“Fear the Cheese.” So says the sign on the swinging “Out” door to Vincent’s kitchen. Vincent Francoual, founder and namesake of the well regarded Nicollet Mall restaurant, sports a white chef’s coat whose right pectoral is emblazoned in blue script, “Le Grande Fromage.”
As would Poirot, Sherlock, and Monk, we deduce . . . fear Vincent.
“We” is my giddy foodie group. It’s late Saturday morning. We’ve won a silent auction chef’s lunch. We’re dining at one of “those” places where it’s said, the chefs go. It’s drizzling outside on Osmo Vänskä’s fantastic Orchestra Hall mural, people are running past our windows shoulders hunched, but we have a warm and cozy Vincent all to ourselves this day.
I ask Vincent about the cheesy messaging on his coat. He grins and says, “At home my wife calls me ‘Le Petite Fromage.’ ” So it goes.
The menu for our lunch opens with mushroom risotto. We’ve been waved into the kitchen to begin cooking. A young Mediterranean man in our group, a true chef in his own right, is handed the spatula to weave the Arborio rice, movements demonstrated and dictated by Vincent in order to avoid having the risotto become . . . “mooshy.” Vincent’s southern French accent spices the kitchen banter, adding a charming theatric. I lament the fact that we didn’t video this for mspmag.com and Vincent suggests it’s for the best, that his broken English would likely require subtitles.
Vincent ignites the gas with a small piece of paper he pulls from a credit card machine. He touches it to the pilot light. Quaint, but effective. Off we go! The heat rising from the ovens has us all breaking a sweat. The Cheese stays cool.

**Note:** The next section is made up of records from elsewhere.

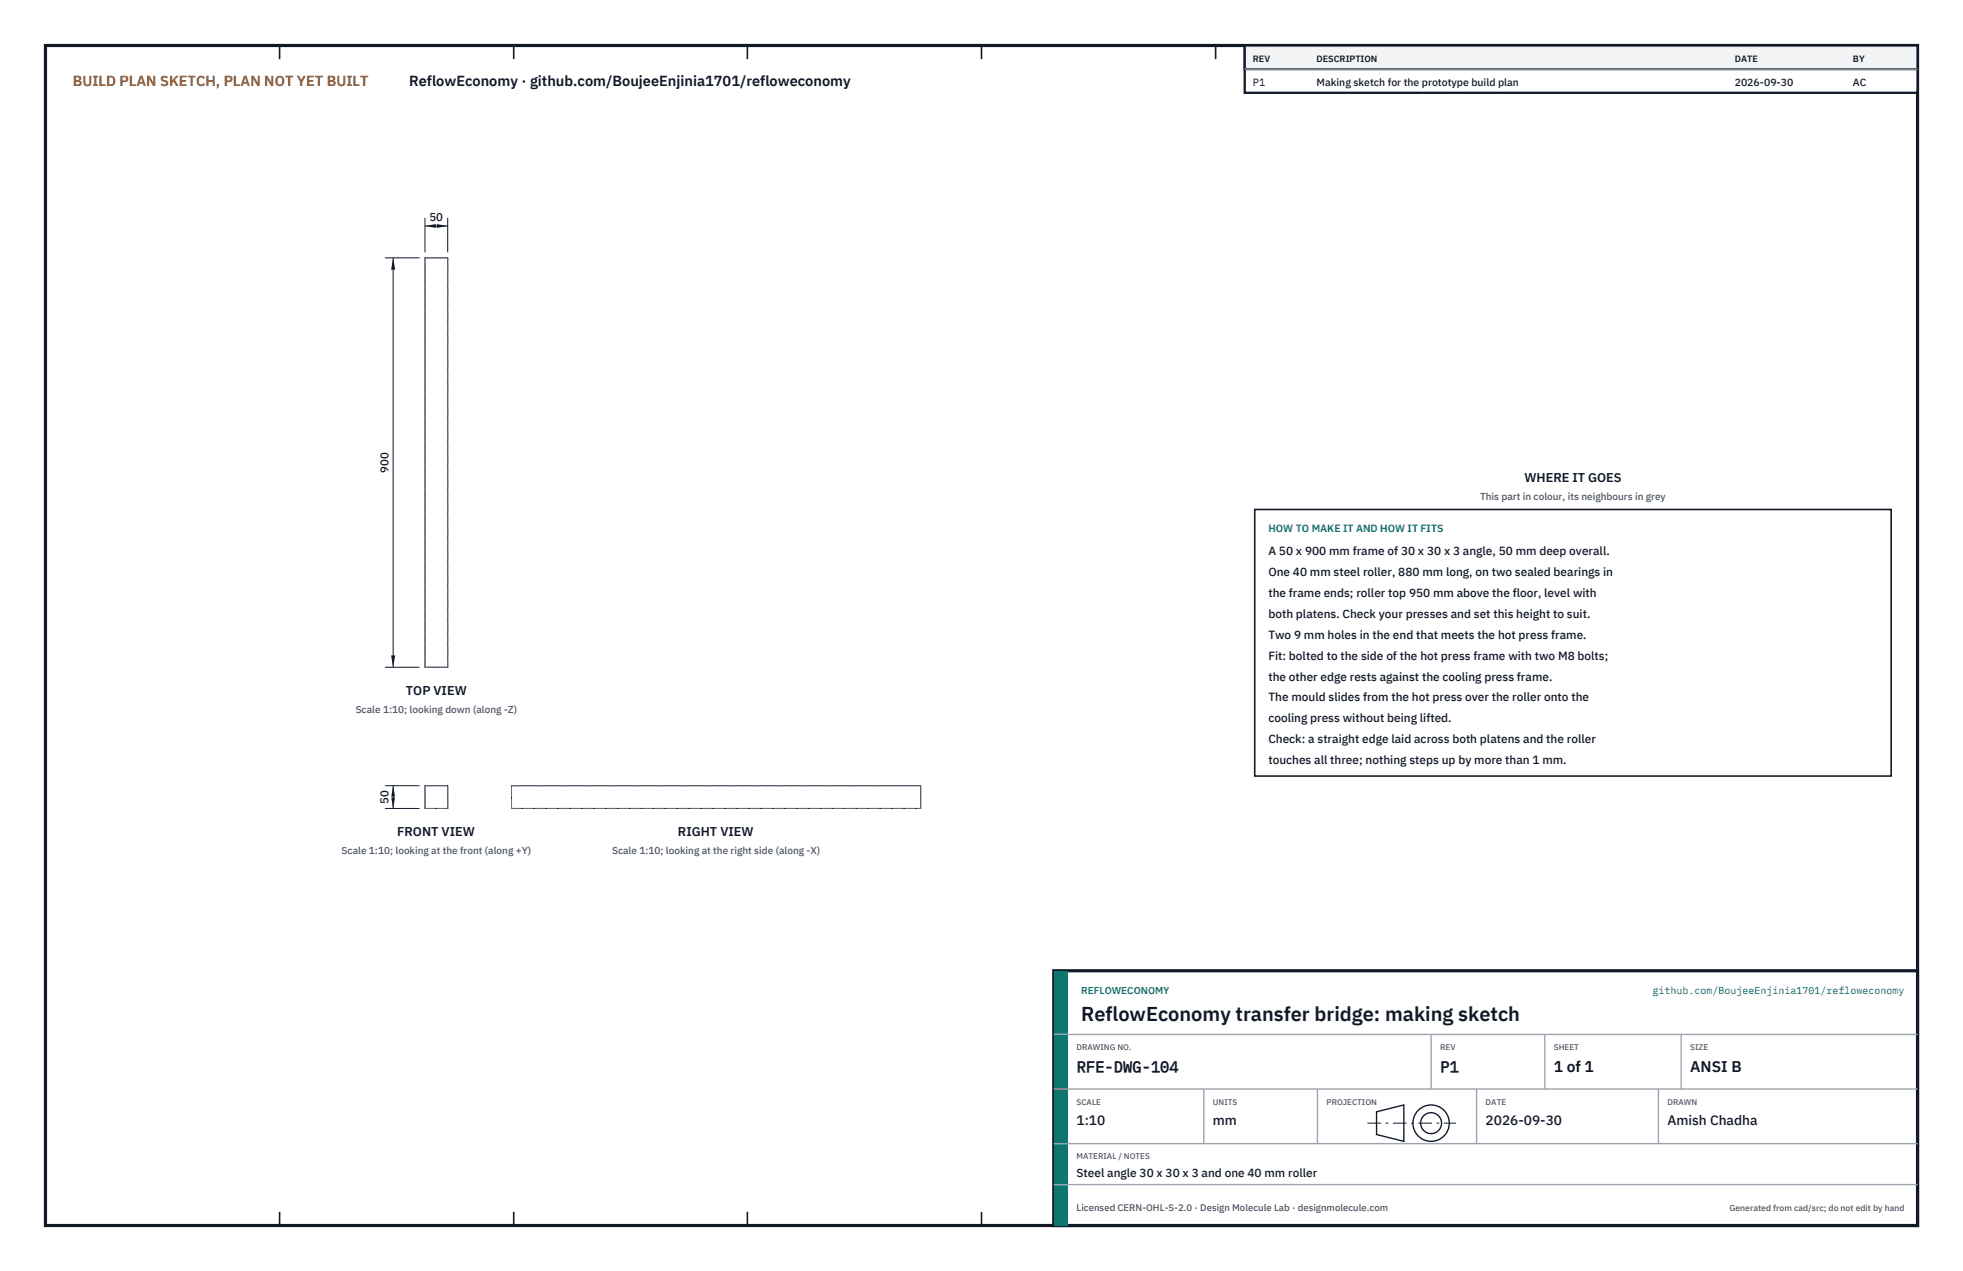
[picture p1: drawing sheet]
<svg xmlns="http://www.w3.org/2000/svg" width="432mm" height="279mm" viewBox="0 0 432 279" stroke-linecap="round" stroke-linejoin="round" font-family="sans-serif">
<defs><g id="words">
<text font-size="4.4" fill="#111827" x="237.8" y="224.4">ReflowEconomy transfer bridge: making sketch</text>
<g font-size="3.4" fill="#111827">
<text x="236.8" y="235.6">RFE-DWG-104</text>
<text x="316.8" y="235.6">P1</text>
<text x="341.8" y="235.6">1 of 1</text>
<text x="371.8" y="235.6">ANSI B</text>
</g>
<text font-size="3.2" fill="#b45309" x="16" y="19">BUILD PLAN SKETCH, PLAN NOT YET BUILT</text>
<text font-size="3.2" fill="#111827" x="90" y="19">ReflowEconomy · github.com/BoujeeEnjinia1701/refloweconomy</text>
<g font-size="3" fill="#111827">
<text x="236.8" y="247.2">1:10</text>
<text x="266.8" y="247.2">mm</text>
<text x="326.8" y="247.2">2026-09-30</text>
<text x="366.8" y="247.2">Amish Chadha</text>
</g>
<g font-size="2.8" fill="#111827">
<text x="335.3" y="106">WHERE IT GOES</text>
<text x="89.3" y="152.7">TOP VIEW</text>
<text x="87.4" y="183.7">FRONT VIEW</text>
<text x="149.1" y="183.7">RIGHT VIEW</text>
</g>
<g font-size="2.6" fill="#111827">
<text x="279" y="122">A 50 x 900 mm frame of 30 x 30 x 3 angle, 50 mm deep overall.</text>
<text x="279" y="126.6">One 40 mm steel roller, 880 mm long, on two sealed bearings in</text>
<text x="279" y="131.2">the frame ends; roller top 950 mm above the floor, level with</text>
<text x="279" y="135.8">both platens. Check your presses and set this height to suit.</text>
<text x="279" y="140.4">Two 9 mm holes in the end that meets the hot press frame.</text>
<text x="279" y="145">Fit: bolted to the side of the hot press frame with two M8 bolts;</text>
<text x="279" y="149.6">the other edge rests against the cooling press frame.</text>
<text x="279" y="154.2">The mould slides from the hot press over the roller onto the</text>
<text x="279" y="158.8">cooling press without being lifted.</text>
<text x="279" y="163.4">Check: a straight edge laid across both platens and the roller</text>
<text x="279" y="168">touches all three; nothing steps up by more than 1 mm.</text>
<text x="236.8" y="258.8">Steel angle 30 x 30 x 3 and one 40 mm roller</text>
</g>
<g font-size="2.5" fill="#111827">
<text x="94.5" y="48.7">50</text>
<text x="85.5" y="103.9" transform="rotate(-90 85.5 103.9)">900</text>
<text x="85.5" y="176.7" transform="rotate(-90 85.5 176.7)">50</text>
</g>
<g font-size="2.3" fill="#111827">
<text x="275.6" y="18.8">P1</text>
<text x="289.6" y="18.8">Making sketch for the prototype build plan</text>
<text x="381.6" y="18.8">2026-09-30</text>
<text x="407.6" y="18.8">AC</text>
</g>
<text font-size="2.3" fill="#0f766e" x="279" y="117">HOW TO MAKE IT AND HOW IT FITS</text>
<g font-size="2.2" fill="#4b5563">
<text x="325.6" y="110">This part in colour, its neighbours in grey</text>
<text x="78.2" y="156.7">Scale 1:10; looking down (along -Z)</text>
<text x="75.1" y="187.7">Scale 1:10; looking at the front (along +Y)</text>
<text x="134.6" y="187.7">Scale 1:10; looking at the right side (along -X)</text>
</g>
<g font-size="2.2" fill="#0f766e">
<text x="237.8" y="218.4">REFLOWECONOMY</text>
<text x="363.5" y="218.4">github.com/BoujeeEnjinia1701/refloweconomy</text>
</g>
<text font-size="2.1" fill="#4b5563" x="236.8" y="266.2">Licensed CERN-OHL-S-2.0 · Design Molecule Lab · designmolecule.com</text>
<g font-size="2" fill="#111827">
<text x="275.6" y="13.6">REV</text>
<text x="289.6" y="13.6">DESCRIPTION</text>
<text x="381.6" y="13.6">DATE</text>
<text x="407.6" y="13.6">BY</text>
</g>
<text font-size="1.9" fill="#4b5563" x="380.4" y="266.2">Generated from cad/src; do not edit by hand</text>
<g font-size="1.8" fill="#4b5563">
<text x="236.8" y="230.8">DRAWING NO.</text>
<text x="316.8" y="230.8">REV</text>
<text x="341.8" y="230.8">SHEET</text>
<text x="371.8" y="230.8">SIZE</text>
<text x="236.8" y="242.8">SCALE</text>
<text x="266.8" y="242.8">UNITS</text>
<text x="291.8" y="242.8">PROJECTION</text>
<text x="326.8" y="242.8">DATE</text>
<text x="366.8" y="242.8">DRAWN</text>
<text x="236.8" y="254.8">MATERIAL / NOTES</text>
</g>
</g></defs>
<path d="M10 10h411.8v259.4h-411.8z" fill="none" stroke="#111827" stroke-width=".7" stroke-linecap="butt"/>
<g fill="none" stroke="#111827" stroke-width=".35">
<path d="M61.5 10v3M113 10v3M164.4 10v3M215.9 10v3M267.4 10v3M318.9 10v3M370.3 10v3M61.5 266.4v3M113 266.4v3M164.4 266.4v3M215.9 266.4v3M267.4 266.4v3"/>
<path d="M318.9 266.4v3M370.3 266.4v3"/>
</g>
<path d="M93.5 56.7h5v90h-5zM93.5 172.7h5v5h-5zM112.5 172.7h90v5h-90z" fill="none" stroke="#111727" stroke-width=".22"/>
<path d="M93.5 56.7h5M93.5 146.7v-90M93.5 146.7h5M98.5 146.7v-90M93.5 177.7v-5M93.5 177.7h5M93.5 172.7h5M98.5 177.7v-5M112.5 177.7v-5M112.5 172.7h90M112.5 177.7h90M202.5 177.7v-5" fill="none" stroke="#6a7180" stroke-width=".22" stroke-dasharray="2.1 .5"/>
<path d="M93.5 47.9v7.6M93.5 49.7h5M98.5 47.9v7.6" fill="none" stroke="#111827" stroke-width=".22"/>
<path d="M93.5 49.7l2.6-.5v.9zM95.9 49.2v.9l2.6-.4z" fill="#111827"/>
<path d="M84.7 56.7h7.6M86.5 56.7v90M84.7 146.7h7.6" fill="none" stroke="#111827" stroke-width=".22"/>
<path d="M86.5 56.7l-.5 2.6h.9zM86 144.1h.9l-.4 2.6z" fill="#111827"/>
<path d="M84.7 172.7h7.6M84.7 177.7h7.6M86.5 172.7v5" fill="none" stroke="#111827" stroke-width=".22"/>
<path d="M86.5 172.7l-.5 2.6h.9zM86 175.1h.9l-.4 2.6z" fill="#111827"/>
<path d="M276 112h140v58.6h-140z" fill="#fff" stroke="#111827" stroke-width=".35"/>
<path d="M273.8 10h148v10.4h-148z" fill="#fff" stroke="#111827" stroke-width=".5"/>
<path d="M273.8 10h148v5.2h-148z" fill="#f3f4f6" stroke="#111827" stroke-width=".5"/>
<path d="M273.8 15.2h148" fill="none" stroke="#9ca3af" stroke-width=".3"/>
<path d="M231.8 213.4h190v56h-190z" fill="#fff" stroke="#111827" stroke-width=".7" stroke-linecap="butt"/>
<path d="M231.8 213.4h3v56h-3z" fill="#0f766e"/>
<path d="M231.8 227.4h190M231.8 239.4h190M264.8 239.4v12M289.8 239.4v12M314.8 227.4v12M324.8 239.4v12M339.8 227.4v12M364.8 239.4v12M369.8 227.4v12M231.8 251.4h190M231.8 260.4h190" fill="none" stroke="#9ca3af" stroke-width=".3"/>
<g fill="none" stroke="#111827" stroke-width=".3">
<path d="M302.8 244.4l6-1.5v8l-6-1.5z"/>
<circle cx="314.8" cy="246.9" r="4"/>
<circle cx="314.8" cy="246.9" r="2.3"/>
</g>
<path d="M300.8 246.9h19.5" fill="none" stroke="#111827" stroke-width=".22" stroke-dasharray="3 1 .6 1" stroke-linecap="butt"/>
<use href="#words"/>
</svg>

Our young foodie, stirring in sun-dried tomatoes, leeks, butter, cream, more butter, mascarpone, and yet more butter has already burned his now reddened hands on the steam rising from the risotto. We talk about Bill Buford’s book, Heat, and the inevitable burns that result from cooking. Mario Batali’s line cooks literally steam the skin from their hands and singe off most arm and facial hair. It goes with the territory. Batali insists “it’s only heat.” As though choreographed to our conversation, in tumbles one of the restaurant’s line chefs, nicknamed "The Crab" because of the series of burn marks up and down his arms. From a distance, they resemble the red stripes on a marine sergeant’s uniform. Art has a price. And, Gustibus for the rest of us. You have to dig what plays in these kitchens. Spend an afternoon with these whirling dervishes as they mix and twirl and splatter and, well . . . paint. Exaggeration? Perhaps. Although I am no more dazzled by a Monet, a Grizzly Bear song, or a Keillor monologue than I am by this meal. It’s just good to be dazzled, regardless of the art form. The improvisation, the tempo, the organics of Vincent and chefs like him is . . . jazz.
Jason Englehart, Vincent’s sous chef, is telling us about fish—where he buys it, and more importantly, why. He talks of despoiling fishing habitats and how the catch can be done right. He supports “right” by where he buys his fish and produce. Vincent chimes, “Read Michael Pollan’s Omnivore’s Dilemma. I had. If you haven’t, you should.
Madeleine cookies just came out of the oven. Scallops are being seared. The risotto is an exquisite blowout, and the Pacherenc Vincent chose pairs perfectly. Where did he find it? Phil at Lake Street Liquors will steer you to this hard-to-find French white.
Desmond’s “dry martini” alto could be the soundtrack for this moment. If food were music, this is Miles doing “Freddie the Freeloader.” These are unadulterated great eats. The scallops just hit the linen whites, and out comes a ’97 pinot noir from Morogues Loire, Menetou Salon. Crazy.
We’re with the Big Cheese on this day when food is jazz. Feel the heat, bless yourself, life is good.